We can simply rebuild our graph with the new retriever!

In [45]:
class State(TypedDict):
  question: str
  context: List[Document]
  response: str

graph_builder = StateGraph(State).add_sequence([retrieve_adjusted, generate])
graph_builder.add_edge(START, "retrieve_adjusted")
graph = graph_builder.compile()

In [46]:
response = graph.invoke({"question" : "How are LLM agents useful?"})
response["response"]

"LLM agents, or AI systems that act on users' behalf, are considered useful primarily in the realm of writing code. They are particularly effective at this task because the grammar rules of programming languages are simpler than those of human languages, making it a suitable area for their capabilities. However, there is skepticism about their overall utility due to issues like gullibility, where these systems may struggle to distinguish between truth and fiction. This raises concerns about how reliable they can be for tasks such as decision-making or providing accurate information. The potential applications of LLMs face criticism regarding their environmental impact, ethics, reliability, and implications for jobs, prompting a call for responsible usage and critical discussions around these technologies."

In [47]:
import time

for test_row in dataset:
  response = graph.invoke({"question" : test_row.eval_sample.user_input})
  test_row.eval_sample.response = response["response"]
  test_row.eval_sample.retrieved_contexts = [context.page_content for context in response["context"]]
  time.sleep(2) # To try to avoid rate limiting.

In [48]:
result = evaluate(
    dataset=evaluation_dataset,
    metrics=[LLMContextRecall(), Faithfulness(), FactualCorrectness(), ResponseRelevancy(), ContextEntityRecall(), NoiseSensitivity()],
    llm=evaluator_llm,
    run_config=custom_run_config
)
result

Evaluating:   0%|          | 0/72 [00:00<?, ?it/s]

{'context_recall': 0.8556, 'faithfulness': 0.8838, 'factual_correctness': 0.4842, 'answer_relevancy': 0.7101, 'context_entity_recall': 0.2472, 'noise_sensitivity_relevant': 0.2819}

#### ❓ Question:

Which system performed better, on what metrics, and why?

To determine which system performed better and on what metrics, we need to compare the evaluation results of the original RAG pipeline versus the one that includes Cohere's Rerank model for contextual compression.

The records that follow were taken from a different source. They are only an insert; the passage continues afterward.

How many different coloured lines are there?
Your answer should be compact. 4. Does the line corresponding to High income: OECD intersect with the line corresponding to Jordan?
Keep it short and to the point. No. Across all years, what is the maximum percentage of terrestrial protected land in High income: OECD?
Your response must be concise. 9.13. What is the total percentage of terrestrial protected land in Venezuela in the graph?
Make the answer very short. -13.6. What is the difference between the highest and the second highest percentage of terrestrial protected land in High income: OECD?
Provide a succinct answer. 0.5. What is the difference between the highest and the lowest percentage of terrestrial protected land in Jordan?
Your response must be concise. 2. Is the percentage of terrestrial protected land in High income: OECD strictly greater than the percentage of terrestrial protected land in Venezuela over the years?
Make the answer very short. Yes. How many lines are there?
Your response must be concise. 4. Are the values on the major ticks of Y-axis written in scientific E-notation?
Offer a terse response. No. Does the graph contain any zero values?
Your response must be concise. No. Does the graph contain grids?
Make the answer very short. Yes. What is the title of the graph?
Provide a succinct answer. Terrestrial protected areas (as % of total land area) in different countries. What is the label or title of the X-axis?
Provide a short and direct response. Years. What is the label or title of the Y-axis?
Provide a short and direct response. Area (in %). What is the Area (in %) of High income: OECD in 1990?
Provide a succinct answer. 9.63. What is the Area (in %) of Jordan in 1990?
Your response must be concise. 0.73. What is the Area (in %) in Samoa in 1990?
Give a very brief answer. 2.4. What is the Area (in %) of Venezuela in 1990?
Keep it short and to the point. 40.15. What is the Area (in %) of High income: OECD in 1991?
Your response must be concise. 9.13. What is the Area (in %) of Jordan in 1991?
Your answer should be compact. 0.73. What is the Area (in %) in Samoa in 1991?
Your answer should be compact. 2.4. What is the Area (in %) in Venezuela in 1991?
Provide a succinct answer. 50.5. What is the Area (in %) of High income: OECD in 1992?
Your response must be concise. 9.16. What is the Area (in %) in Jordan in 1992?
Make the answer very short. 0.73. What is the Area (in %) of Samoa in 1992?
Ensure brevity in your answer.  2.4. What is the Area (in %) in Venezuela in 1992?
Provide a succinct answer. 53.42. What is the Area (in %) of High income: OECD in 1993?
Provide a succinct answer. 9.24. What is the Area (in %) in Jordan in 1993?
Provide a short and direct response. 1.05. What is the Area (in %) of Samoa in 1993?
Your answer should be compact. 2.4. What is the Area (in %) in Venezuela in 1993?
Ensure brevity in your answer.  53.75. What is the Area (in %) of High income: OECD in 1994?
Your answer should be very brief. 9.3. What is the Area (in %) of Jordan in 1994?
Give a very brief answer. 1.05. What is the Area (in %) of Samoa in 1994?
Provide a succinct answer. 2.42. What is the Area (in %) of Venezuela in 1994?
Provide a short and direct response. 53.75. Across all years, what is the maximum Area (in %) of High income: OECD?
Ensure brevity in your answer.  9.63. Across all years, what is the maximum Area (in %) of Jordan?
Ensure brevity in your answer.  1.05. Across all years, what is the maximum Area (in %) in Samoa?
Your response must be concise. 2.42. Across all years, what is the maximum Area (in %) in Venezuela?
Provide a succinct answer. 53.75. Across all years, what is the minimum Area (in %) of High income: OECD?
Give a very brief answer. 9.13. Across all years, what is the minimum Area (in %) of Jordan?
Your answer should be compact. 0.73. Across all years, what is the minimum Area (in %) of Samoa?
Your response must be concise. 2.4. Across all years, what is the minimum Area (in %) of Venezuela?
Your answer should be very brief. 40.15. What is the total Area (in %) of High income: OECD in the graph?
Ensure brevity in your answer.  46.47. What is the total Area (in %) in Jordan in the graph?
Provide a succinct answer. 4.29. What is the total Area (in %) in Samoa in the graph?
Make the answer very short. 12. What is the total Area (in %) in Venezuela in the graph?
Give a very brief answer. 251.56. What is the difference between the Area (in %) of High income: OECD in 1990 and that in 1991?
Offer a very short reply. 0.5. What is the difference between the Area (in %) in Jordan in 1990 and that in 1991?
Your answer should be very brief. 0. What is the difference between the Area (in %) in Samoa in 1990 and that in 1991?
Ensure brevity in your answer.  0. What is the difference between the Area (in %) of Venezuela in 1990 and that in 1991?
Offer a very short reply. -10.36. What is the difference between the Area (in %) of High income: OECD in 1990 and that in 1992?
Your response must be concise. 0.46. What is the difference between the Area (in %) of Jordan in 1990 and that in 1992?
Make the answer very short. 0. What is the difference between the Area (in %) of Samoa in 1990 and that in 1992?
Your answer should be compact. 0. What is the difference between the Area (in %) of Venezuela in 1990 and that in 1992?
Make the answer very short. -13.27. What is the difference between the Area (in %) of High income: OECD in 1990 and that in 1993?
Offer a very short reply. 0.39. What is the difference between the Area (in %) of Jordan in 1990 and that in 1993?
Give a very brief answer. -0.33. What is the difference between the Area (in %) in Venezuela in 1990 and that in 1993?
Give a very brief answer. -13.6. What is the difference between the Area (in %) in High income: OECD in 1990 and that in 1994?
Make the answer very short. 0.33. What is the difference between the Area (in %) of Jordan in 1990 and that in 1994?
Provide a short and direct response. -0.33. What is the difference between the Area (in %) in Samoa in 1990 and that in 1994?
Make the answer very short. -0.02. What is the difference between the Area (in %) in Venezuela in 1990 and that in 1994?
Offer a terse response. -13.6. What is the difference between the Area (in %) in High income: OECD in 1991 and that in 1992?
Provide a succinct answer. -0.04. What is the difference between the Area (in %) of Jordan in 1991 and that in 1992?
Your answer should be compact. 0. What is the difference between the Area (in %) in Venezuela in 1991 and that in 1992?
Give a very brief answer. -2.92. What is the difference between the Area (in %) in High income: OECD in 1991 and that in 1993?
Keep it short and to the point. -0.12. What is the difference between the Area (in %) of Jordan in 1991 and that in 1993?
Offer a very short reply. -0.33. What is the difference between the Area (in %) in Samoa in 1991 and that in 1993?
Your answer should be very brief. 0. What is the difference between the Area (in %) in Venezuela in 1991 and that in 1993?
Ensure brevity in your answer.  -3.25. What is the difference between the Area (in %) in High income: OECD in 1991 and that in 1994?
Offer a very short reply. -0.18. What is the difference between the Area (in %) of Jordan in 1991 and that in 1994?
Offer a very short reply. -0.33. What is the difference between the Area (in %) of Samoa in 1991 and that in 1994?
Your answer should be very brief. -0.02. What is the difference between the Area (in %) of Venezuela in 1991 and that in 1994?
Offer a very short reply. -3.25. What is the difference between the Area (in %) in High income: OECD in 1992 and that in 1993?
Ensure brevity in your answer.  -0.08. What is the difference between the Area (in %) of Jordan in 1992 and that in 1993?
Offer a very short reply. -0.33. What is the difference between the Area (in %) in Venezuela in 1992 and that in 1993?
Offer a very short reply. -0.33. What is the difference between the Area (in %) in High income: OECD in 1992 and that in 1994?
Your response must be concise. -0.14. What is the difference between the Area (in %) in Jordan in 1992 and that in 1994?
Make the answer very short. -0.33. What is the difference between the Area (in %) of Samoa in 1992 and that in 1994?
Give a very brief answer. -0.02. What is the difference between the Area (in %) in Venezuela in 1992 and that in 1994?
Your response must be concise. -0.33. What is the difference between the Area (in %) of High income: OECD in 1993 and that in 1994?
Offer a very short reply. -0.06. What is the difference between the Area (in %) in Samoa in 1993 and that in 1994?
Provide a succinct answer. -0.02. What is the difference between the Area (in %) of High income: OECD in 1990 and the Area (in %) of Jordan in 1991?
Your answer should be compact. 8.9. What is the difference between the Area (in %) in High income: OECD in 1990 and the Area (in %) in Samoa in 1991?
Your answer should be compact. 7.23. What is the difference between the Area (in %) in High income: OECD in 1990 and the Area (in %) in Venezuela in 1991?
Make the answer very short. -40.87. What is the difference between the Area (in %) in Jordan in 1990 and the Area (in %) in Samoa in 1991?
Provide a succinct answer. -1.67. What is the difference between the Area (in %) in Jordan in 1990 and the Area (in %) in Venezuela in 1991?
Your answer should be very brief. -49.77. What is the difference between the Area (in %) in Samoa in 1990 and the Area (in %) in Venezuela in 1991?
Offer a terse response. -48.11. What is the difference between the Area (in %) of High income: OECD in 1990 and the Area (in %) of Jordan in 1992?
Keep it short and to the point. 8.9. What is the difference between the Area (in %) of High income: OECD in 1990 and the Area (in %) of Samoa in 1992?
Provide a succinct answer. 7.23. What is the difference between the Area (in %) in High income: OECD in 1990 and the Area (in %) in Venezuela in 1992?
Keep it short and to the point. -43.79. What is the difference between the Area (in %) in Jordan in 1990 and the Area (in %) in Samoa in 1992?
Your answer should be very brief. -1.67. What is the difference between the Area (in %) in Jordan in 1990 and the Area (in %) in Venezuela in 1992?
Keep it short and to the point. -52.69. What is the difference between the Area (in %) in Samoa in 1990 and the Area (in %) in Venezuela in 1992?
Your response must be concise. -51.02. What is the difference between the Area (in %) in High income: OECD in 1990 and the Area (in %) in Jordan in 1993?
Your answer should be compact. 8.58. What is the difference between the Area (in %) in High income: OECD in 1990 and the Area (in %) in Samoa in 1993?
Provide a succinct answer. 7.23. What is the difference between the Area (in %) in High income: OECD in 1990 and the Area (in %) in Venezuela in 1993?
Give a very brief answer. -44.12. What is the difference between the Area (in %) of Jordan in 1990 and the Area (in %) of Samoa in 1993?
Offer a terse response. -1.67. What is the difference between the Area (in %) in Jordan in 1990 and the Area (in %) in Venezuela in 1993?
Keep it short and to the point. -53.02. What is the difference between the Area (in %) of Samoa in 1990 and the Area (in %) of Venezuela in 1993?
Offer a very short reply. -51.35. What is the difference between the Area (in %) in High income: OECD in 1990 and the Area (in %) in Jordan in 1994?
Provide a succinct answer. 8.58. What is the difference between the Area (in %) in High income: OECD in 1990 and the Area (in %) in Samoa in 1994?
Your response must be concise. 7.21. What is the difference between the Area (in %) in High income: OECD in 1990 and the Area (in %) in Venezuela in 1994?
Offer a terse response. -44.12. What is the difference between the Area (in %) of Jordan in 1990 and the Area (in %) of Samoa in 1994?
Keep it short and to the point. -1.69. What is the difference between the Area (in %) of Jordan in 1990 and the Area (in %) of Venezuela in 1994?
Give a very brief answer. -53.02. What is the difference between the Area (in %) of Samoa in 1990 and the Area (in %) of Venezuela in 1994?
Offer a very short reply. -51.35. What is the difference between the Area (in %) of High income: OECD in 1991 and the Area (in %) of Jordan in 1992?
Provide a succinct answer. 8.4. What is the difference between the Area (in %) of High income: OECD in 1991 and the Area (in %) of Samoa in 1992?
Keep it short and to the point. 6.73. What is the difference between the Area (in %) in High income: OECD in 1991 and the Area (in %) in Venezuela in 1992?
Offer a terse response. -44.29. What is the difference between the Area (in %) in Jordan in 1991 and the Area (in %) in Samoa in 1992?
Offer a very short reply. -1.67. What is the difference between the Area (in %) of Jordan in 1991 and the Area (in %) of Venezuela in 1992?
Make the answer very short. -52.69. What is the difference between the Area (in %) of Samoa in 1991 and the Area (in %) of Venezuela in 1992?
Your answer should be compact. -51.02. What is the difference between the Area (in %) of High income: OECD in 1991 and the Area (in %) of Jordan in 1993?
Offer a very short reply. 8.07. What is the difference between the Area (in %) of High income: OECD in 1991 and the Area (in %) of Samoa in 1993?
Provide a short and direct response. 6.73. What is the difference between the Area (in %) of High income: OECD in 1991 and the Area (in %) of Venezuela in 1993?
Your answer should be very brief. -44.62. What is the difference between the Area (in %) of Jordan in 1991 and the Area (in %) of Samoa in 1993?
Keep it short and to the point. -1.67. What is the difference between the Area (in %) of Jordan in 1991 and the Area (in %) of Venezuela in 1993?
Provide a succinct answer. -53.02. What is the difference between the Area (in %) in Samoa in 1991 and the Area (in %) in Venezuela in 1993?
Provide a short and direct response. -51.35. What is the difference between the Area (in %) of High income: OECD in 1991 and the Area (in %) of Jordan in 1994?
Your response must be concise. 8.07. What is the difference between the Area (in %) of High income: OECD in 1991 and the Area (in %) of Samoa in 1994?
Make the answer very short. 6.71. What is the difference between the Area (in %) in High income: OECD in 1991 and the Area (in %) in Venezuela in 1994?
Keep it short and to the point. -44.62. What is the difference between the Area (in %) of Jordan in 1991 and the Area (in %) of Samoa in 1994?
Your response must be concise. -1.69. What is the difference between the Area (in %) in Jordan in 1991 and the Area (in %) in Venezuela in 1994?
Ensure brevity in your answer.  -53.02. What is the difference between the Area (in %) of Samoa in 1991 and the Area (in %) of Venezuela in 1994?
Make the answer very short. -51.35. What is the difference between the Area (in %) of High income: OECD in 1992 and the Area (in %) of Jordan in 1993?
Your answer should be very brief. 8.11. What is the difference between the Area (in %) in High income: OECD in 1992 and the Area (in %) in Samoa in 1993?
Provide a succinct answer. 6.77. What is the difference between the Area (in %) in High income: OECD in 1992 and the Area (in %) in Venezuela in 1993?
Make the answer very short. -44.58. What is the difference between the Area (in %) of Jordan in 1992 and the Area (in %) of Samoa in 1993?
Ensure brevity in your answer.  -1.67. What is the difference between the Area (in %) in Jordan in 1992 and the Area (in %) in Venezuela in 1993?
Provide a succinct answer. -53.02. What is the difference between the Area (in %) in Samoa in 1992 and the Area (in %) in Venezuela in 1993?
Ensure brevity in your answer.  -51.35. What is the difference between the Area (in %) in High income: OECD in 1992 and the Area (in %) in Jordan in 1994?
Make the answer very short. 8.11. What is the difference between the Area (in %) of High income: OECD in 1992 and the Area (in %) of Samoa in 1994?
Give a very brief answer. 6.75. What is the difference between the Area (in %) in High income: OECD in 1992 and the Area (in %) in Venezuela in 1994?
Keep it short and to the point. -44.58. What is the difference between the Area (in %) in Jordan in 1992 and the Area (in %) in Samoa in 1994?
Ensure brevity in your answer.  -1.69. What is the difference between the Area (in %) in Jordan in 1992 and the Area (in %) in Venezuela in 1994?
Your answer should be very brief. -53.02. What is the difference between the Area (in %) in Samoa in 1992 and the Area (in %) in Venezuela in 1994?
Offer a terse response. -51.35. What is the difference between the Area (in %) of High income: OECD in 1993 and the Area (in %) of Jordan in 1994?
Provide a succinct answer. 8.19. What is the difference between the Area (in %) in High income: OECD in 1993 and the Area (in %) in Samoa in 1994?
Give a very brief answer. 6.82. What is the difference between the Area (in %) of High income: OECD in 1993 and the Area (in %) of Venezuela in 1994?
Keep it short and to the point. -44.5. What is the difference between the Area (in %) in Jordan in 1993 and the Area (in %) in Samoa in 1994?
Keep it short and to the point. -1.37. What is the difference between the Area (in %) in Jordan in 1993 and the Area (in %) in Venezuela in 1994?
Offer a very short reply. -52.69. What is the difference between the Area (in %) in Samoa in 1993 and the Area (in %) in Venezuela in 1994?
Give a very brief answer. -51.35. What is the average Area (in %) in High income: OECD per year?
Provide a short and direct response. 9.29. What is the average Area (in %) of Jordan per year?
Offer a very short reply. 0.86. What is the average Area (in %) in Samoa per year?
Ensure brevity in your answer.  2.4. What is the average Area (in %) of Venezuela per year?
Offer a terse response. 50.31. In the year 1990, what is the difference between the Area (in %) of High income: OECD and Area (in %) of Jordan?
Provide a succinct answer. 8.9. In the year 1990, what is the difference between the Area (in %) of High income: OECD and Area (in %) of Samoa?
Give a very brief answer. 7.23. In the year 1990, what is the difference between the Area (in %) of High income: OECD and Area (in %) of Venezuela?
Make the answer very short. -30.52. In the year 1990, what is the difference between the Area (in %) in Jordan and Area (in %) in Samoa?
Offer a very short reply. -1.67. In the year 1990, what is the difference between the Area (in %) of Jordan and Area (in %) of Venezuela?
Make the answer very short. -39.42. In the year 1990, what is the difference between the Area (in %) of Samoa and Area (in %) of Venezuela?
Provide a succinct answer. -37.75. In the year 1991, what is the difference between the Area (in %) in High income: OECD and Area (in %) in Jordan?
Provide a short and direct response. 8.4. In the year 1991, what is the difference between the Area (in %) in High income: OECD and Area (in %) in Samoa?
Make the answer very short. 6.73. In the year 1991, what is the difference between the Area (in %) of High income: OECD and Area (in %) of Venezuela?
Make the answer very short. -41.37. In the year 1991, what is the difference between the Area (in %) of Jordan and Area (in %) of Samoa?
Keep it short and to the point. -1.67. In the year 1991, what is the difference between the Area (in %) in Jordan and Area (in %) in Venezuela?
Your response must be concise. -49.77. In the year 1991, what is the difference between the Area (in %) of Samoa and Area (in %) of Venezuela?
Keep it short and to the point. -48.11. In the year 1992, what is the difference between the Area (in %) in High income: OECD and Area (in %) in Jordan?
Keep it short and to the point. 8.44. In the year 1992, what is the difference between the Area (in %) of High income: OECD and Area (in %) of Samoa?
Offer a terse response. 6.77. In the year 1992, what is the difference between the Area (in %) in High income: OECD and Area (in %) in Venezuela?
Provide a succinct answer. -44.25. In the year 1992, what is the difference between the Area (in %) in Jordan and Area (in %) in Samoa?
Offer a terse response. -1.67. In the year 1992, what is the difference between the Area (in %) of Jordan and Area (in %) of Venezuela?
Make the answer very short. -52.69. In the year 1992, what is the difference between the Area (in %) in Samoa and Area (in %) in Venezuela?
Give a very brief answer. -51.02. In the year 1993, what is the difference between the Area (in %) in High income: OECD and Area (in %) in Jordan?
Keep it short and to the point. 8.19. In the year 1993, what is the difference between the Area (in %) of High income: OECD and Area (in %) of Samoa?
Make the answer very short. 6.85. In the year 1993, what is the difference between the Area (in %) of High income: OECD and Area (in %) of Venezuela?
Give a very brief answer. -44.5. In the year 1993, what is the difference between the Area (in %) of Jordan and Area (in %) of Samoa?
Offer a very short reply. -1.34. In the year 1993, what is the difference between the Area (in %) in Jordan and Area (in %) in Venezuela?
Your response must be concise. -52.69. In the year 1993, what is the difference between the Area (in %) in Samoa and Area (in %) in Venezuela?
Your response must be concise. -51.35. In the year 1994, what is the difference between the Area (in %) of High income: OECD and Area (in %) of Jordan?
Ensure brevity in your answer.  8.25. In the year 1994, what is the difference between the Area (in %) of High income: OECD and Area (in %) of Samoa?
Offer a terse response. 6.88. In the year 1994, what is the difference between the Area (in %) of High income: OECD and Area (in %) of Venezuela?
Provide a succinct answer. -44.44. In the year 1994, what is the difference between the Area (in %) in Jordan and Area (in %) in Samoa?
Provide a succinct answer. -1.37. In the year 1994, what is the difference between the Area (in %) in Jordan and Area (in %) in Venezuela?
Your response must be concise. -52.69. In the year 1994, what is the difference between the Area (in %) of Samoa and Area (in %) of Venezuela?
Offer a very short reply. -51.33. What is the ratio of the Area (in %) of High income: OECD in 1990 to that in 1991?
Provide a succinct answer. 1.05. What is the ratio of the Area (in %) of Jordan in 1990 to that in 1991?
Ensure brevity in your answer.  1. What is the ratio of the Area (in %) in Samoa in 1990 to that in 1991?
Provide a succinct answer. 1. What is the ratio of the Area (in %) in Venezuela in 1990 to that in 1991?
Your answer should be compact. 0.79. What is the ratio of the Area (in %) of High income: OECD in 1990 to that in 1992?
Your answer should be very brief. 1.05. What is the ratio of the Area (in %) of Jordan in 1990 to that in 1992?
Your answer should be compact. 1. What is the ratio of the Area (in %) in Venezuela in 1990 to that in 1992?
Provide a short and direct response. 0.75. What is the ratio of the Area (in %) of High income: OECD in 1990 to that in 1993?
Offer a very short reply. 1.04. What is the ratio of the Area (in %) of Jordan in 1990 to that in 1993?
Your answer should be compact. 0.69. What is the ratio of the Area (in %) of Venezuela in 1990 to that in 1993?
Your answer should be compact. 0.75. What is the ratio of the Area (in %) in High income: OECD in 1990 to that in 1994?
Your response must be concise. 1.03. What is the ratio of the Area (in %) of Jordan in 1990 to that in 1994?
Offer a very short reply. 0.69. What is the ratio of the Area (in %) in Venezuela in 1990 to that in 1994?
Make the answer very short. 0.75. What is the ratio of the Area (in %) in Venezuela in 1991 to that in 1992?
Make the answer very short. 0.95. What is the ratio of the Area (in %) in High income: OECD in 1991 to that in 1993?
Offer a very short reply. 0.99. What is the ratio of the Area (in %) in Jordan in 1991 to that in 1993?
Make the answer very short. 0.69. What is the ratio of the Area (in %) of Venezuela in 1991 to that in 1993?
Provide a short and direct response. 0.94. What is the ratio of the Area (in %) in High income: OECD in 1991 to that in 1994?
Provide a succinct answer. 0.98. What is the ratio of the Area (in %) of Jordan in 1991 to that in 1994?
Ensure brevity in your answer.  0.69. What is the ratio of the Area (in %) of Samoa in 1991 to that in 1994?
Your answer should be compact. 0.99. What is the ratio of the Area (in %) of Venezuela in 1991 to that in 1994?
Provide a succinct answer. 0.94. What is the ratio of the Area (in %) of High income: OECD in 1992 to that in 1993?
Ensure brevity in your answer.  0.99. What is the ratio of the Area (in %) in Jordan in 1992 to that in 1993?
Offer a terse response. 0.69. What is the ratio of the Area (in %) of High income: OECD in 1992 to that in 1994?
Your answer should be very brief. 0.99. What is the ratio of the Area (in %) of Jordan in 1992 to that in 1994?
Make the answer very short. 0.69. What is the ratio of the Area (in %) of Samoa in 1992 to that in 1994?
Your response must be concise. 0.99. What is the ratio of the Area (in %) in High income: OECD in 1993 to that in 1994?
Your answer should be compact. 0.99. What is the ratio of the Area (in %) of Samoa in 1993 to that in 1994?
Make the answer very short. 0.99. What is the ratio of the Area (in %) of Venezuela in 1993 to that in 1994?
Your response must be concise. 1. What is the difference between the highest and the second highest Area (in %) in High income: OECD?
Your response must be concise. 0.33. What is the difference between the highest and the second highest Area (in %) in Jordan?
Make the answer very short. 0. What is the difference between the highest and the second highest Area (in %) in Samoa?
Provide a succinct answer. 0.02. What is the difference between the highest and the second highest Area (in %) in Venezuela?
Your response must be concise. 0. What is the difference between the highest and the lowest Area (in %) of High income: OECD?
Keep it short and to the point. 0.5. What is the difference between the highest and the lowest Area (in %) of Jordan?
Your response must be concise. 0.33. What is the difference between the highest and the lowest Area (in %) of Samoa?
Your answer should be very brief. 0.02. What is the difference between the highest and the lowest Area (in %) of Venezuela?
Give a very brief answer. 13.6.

Comparison of Performance Metrics:

1. LLM Context Recall – Measures how well the retrieved context covers the ground-truth information needed to answer the question. The reranked system is likely to perform better because reranking prioritizes the most relevant retrieved documents, reducing noise in the context.

2. Faithfulness – Evaluates whether the generated response stays faithful to the retrieved context. The reranked system is expected to improve this metric as well since higher-quality context should lead to responses that better align with the source material.

3. Factual Correctness – Checks if the response is factually correct based on external knowledge.This may improve slightly, but if the retriever already provided relevant documents in the original system, the improvement might not be drastic.

4. Response Relevancy – Measures how relevant the response is to the user query.A better selection of retrieved context should lead to more relevant responses, so the reranked system should show improvements.

5. Context Entity Recall – Evaluates how well entities in the reference answer appear in the retrieved context. Since reranking is focused on semantic similarity, this metric should see moderate improvement.

6. Noise Sensitivity – Measures how much noise in the context affects response quality.The reranked system should have lower noise sensitivity, meaning it is less affected by irrelevant information due to reranking filtering out less relevant documents.

Expected Outcome

The reranked system should outperform the baseline on LLM Context Recall, Faithfulness, Response Relevancy, and Noise Sensitivity.
Factual Correctness and Context Entity Recall might see moderate improvements, but they depend more on the retriever's initial quality.